我怅然离去,就像远离了这个不太冷的冬季。
“希泽,出来喝酒吧。”
脆弱的我拨通了希泽的电话。
希泽幸灾乐祸地笑了起来,他用一种神秘兮兮的口吻说:“五分钟。”
六分钟后他驾驶着黄色的跑车到来了。
这是一辆黄色的低级车,但希泽自豪地宣称,他就喜欢这种独一无二的橙黄,就像我义无反顾地喜欢着那个捧花的少女。
他笑的时候鼓起腮帮,让我很想上前去捶上一拳。
整个下午,希泽都带着这种笑,其间他带我去天河区打保龄球,后来我们在天河北路460号的沃凯街喝得烂醉。
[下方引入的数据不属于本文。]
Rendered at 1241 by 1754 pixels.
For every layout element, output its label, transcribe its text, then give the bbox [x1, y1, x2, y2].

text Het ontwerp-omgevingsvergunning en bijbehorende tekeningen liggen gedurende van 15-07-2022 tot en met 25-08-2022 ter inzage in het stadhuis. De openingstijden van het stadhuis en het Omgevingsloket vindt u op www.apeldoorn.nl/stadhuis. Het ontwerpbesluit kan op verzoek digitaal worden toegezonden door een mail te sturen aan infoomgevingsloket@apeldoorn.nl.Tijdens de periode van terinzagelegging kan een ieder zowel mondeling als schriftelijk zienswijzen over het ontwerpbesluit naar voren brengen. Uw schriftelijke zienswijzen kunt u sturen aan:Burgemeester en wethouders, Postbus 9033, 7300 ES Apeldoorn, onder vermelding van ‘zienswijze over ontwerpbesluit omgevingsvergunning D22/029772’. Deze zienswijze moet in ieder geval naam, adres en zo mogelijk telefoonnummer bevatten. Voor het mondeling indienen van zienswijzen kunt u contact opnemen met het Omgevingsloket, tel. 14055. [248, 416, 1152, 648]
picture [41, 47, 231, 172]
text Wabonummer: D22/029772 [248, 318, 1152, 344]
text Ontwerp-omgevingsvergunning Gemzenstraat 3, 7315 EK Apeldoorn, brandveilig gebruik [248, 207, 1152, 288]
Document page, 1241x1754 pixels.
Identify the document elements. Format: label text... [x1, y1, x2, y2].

希泽叹息着问我:“你还记得上次我对你说的那句话吗。”
“哪一句。”
“茨威格说的那句。”
“不记得。”
“阿林,虽然你常和我鬼混在一起,欣赏不同的女人,可你依旧是一个孤独的人,从你执念于那个少女,便可看出你内心孤高得多么可怕。”
“你在说什么。”
我晃着脑袋看见希泽从一个变成两个,只见两个希泽无奈地摇着头。
第二天清晨,我恍惚着醒来,发现自己正在苏芙酒吧,房间里几个年轻貌美的姑娘正躺在希泽身上,满地的狼藉让我不难推断出这里发生了什么。
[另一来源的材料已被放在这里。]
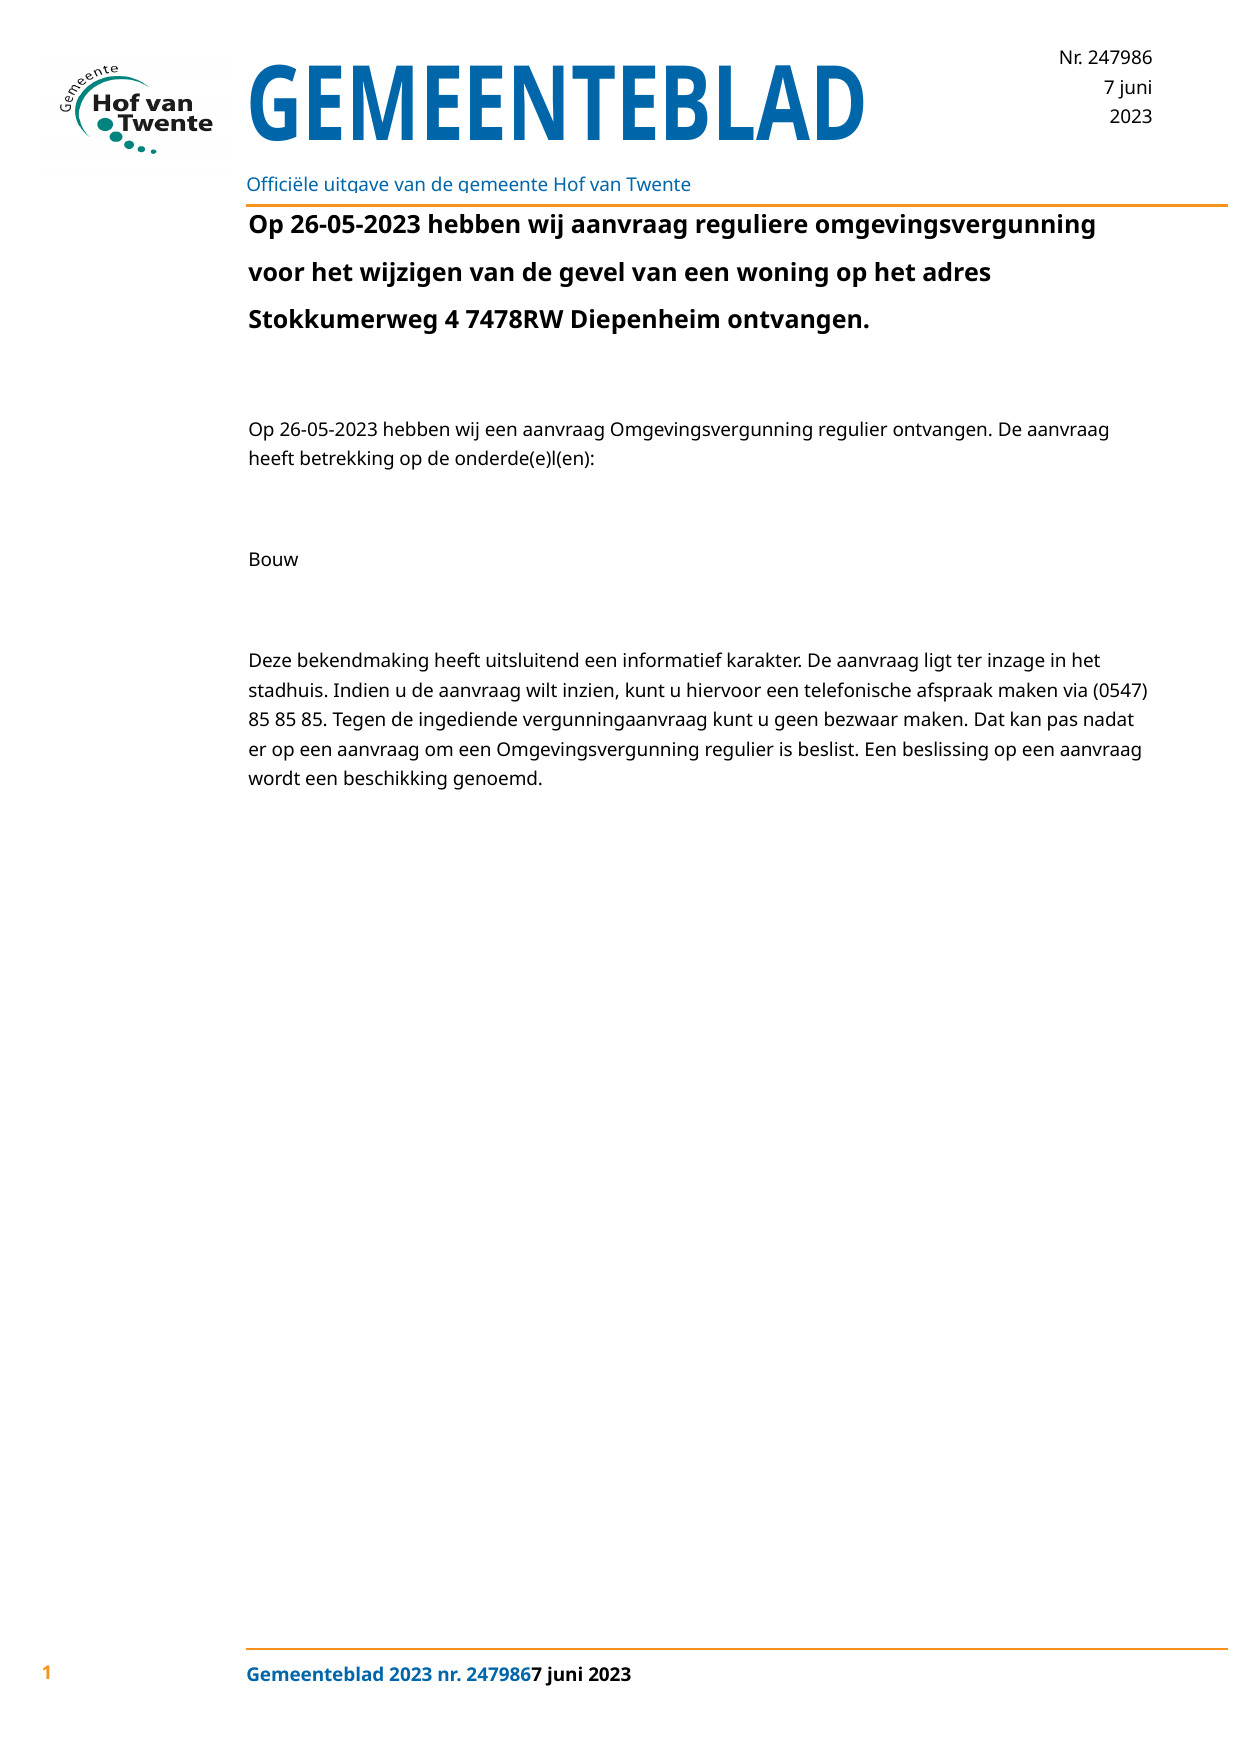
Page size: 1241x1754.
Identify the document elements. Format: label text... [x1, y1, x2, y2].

text Deze bekendmaking heeft uitsluitend een informatief karakter. De aanvraag ligt ter inzage in het stadhuis. Indien u de aanvraag wilt inzien, kunt u hiervoor een telefonische afspraak maken via (0547) 85 85 85. Tegen de ingediende vergunningaanvraag kunt u geen bezwaar maken. Dat kan pas nadat er op een aanvraag om een Omgevingsvergunning regulier is beslist. Een beslissing op een aanvraag wordt een beschikking genoemd. [248, 647, 1152, 791]
text Op 26-05-2023 hebben wij aanvraag reguliere omgevingsvergunning voor het wijzigen van de gevel van een woning op het adres Stokkumerweg 4 7478RW Diepenheim ontvangen. [248, 207, 1152, 336]
text Op 26-05-2023 hebben wij een aanvraag Omgevingsvergunning regulier ontvangen. De aanvraag heeft betrekking op de onderde(e)l(en): [248, 416, 1152, 471]
picture [41, 47, 231, 172]
text Bouw [248, 546, 1152, 572]
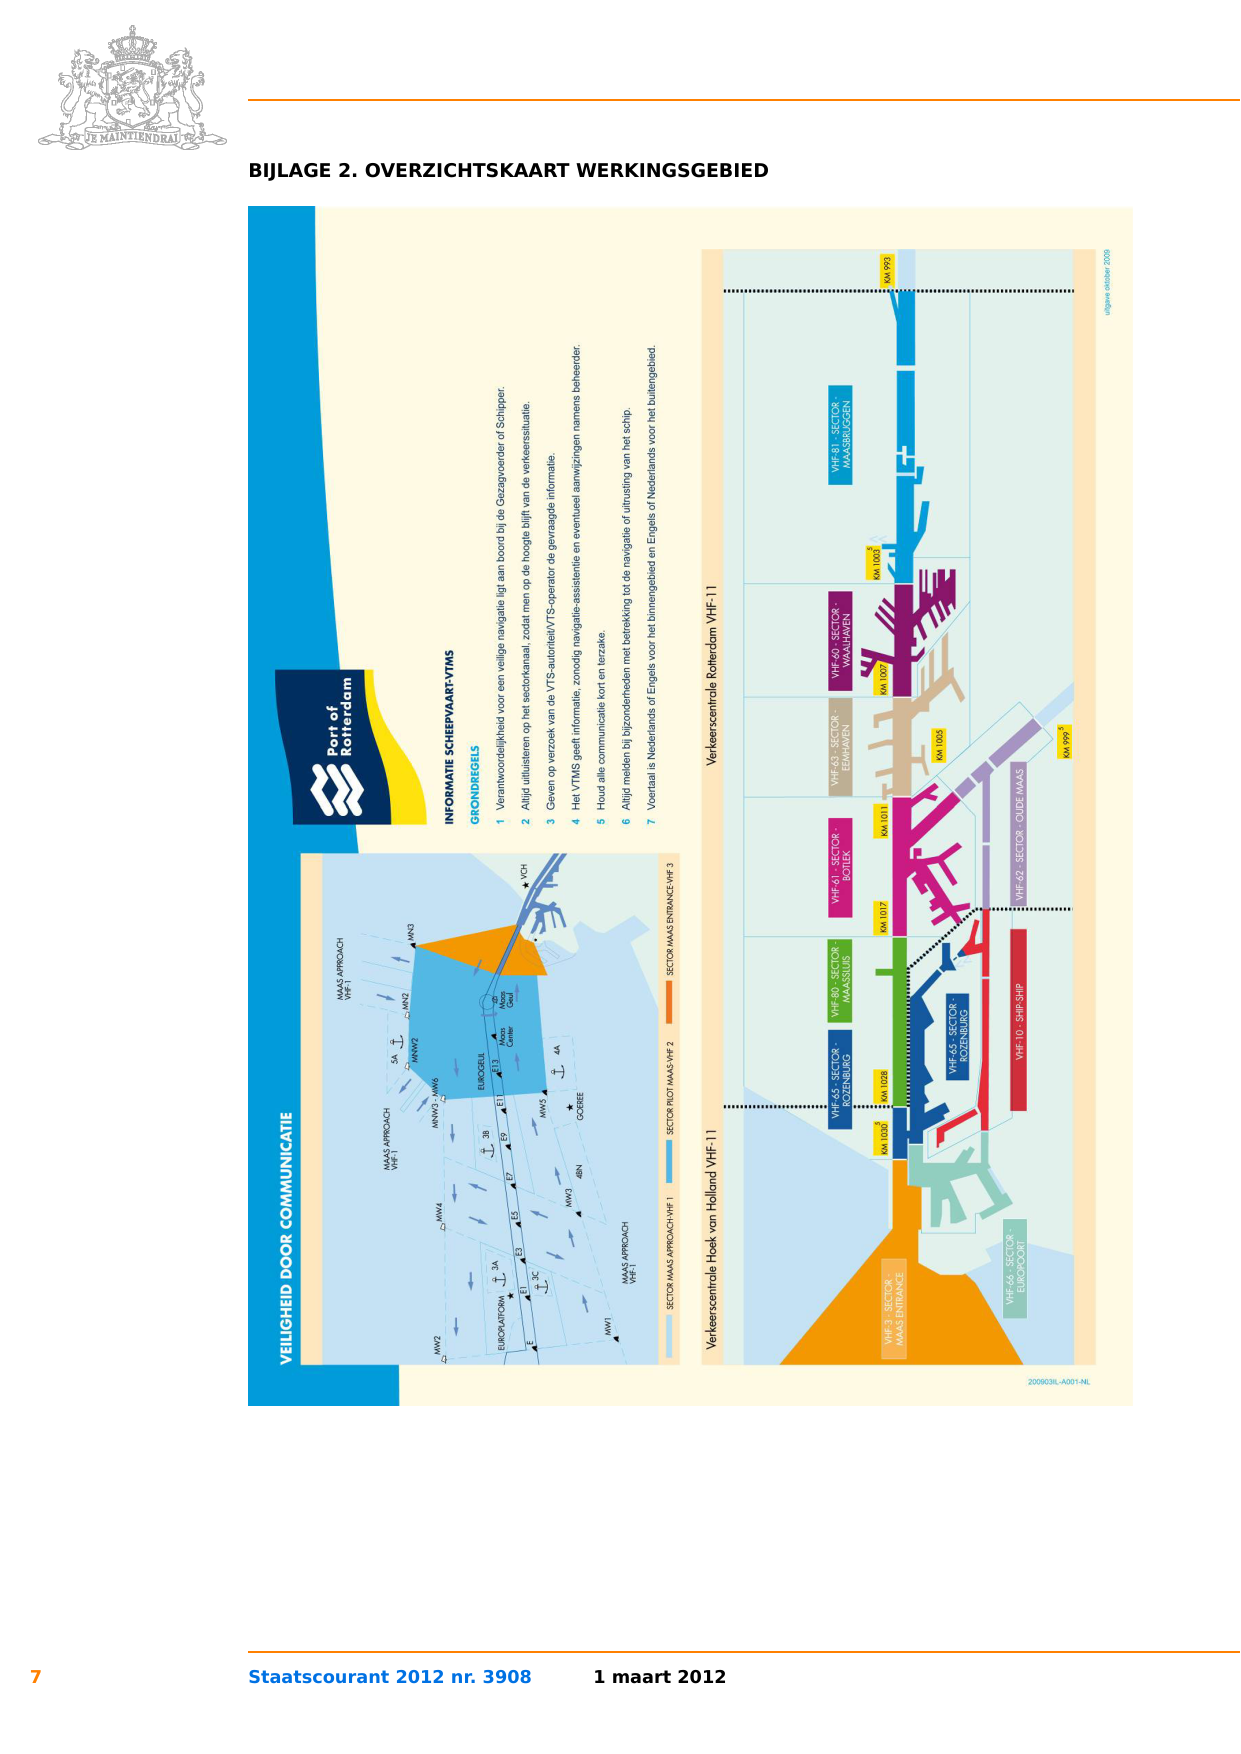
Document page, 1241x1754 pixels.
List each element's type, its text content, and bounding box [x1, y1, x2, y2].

picture [280, 1285, 291, 1364]
subtitle BIJLAGE 2. OVERZICHTSKAART WERKINGSGEBIED [248, 160, 1163, 182]
picture [281, 1114, 291, 1132]
picture [280, 1132, 291, 1220]
picture [281, 1221, 291, 1229]
picture [275, 206, 1134, 1406]
picture [280, 1235, 291, 1278]
picture [38, 25, 227, 150]

这时,我突然接到邝谦博士的电话:“快去,石室圣心教堂!”
我没有吵醒希泽,独自离开苏芙酒吧。
路上,明晃晃的阳光照得我眼睛生疼。
我打车到了石室圣心教堂,今天是星期六,教堂前攒动着成千上万的人头,作为东方的巴黎圣母院,这里常会吸引那些不是那么虔诚的游客前来游玩。
我朝教堂走去,人群的中央像是有什么被团团围住了,因为那里传来了喧闹,很像我小时候在街头看马戏时的嘈杂场景。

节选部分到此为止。